| Task requirements |
Leave no line out; reproduce the listing exactly.
Excerpted data below:
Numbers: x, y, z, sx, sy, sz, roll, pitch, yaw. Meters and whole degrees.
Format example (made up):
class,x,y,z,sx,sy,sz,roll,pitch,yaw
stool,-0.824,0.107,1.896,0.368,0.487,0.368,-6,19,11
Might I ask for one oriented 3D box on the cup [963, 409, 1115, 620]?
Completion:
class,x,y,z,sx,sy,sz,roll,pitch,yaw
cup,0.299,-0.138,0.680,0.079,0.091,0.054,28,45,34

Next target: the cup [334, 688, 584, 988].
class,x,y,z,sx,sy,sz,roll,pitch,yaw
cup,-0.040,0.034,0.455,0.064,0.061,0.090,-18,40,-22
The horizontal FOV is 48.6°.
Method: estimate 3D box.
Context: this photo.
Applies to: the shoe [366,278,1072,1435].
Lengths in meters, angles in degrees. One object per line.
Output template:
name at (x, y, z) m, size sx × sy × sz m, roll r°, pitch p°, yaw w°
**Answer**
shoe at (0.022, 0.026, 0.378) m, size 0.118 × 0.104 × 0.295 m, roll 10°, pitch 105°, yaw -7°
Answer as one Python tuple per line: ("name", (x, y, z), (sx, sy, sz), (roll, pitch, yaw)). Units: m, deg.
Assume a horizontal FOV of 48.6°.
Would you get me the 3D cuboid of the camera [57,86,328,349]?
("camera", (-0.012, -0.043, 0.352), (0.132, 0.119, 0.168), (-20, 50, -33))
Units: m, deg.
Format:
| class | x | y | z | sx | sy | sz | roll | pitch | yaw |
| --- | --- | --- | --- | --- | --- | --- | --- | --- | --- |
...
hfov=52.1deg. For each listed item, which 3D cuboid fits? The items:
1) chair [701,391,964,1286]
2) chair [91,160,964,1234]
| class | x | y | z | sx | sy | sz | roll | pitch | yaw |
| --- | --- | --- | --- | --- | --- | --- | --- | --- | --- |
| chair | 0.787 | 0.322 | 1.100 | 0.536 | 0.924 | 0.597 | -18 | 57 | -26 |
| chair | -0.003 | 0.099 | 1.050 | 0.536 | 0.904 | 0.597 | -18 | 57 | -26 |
End of Excerpted data.
| Result for this exercise |
Numbers: x, y, z, sx, sy, sz, roll, pitch, yaw. Meters and whole degrees.
Format example (made up):
class,x,y,z,sx,sy,sz,roll,pitch,yaw
stool,-0.824,0.107,1.896,0.368,0.487,0.368,-6,19,11
Might I ask for one oriented 3D box on the cup [963, 409, 1115, 620]?
Completion:
class,x,y,z,sx,sy,sz,roll,pitch,yaw
cup,0.299,-0.138,0.680,0.079,0.091,0.054,28,45,34

Next target: the cup [334, 688, 584, 988].
class,x,y,z,sx,sy,sz,roll,pitch,yaw
cup,-0.040,0.034,0.455,0.064,0.061,0.090,-18,40,-22
The horizontal FOV is 48.6°.
Method: estimate 3D box.
Context: this photo.
Applies to: the shoe [366,278,1072,1435].
Lengths in meters, angles in degrees. One object per line.
Output template:
name at (x, y, z) m, size sx × sy × sz m, roll r°, pitch p°, yaw w°
**Answer**
shoe at (0.022, 0.026, 0.378) m, size 0.118 × 0.104 × 0.295 m, roll 10°, pitch 105°, yaw -7°
Answer as one Python tuple per line: ("name", (x, y, z), (sx, sy, sz), (roll, pitch, yaw)). Units: m, deg.
Assume a horizontal FOV of 48.6°.
Would you get me the 3D cuboid of the camera [57,86,328,349]?
("camera", (-0.012, -0.043, 0.352), (0.132, 0.119, 0.168), (-20, 50, -33))
Units: m, deg.
Format:
| class | x | y | z | sx | sy | sz | roll | pitch | yaw |
| --- | --- | --- | --- | --- | --- | --- | --- | --- | --- |
...
hfov=52.1deg. For each listed item, which 3D cuboid fits? The items:
1) chair [701,391,964,1286]
2) chair [91,160,964,1234]
| class | x | y | z | sx | sy | sz | roll | pitch | yaw |
| --- | --- | --- | --- | --- | --- | --- | --- | --- | --- |
| chair | 0.787 | 0.322 | 1.100 | 0.536 | 0.924 | 0.597 | -18 | 57 | -26 |
| chair | -0.003 | 0.099 | 1.050 | 0.536 | 0.904 | 0.597 | -18 | 57 | -26 |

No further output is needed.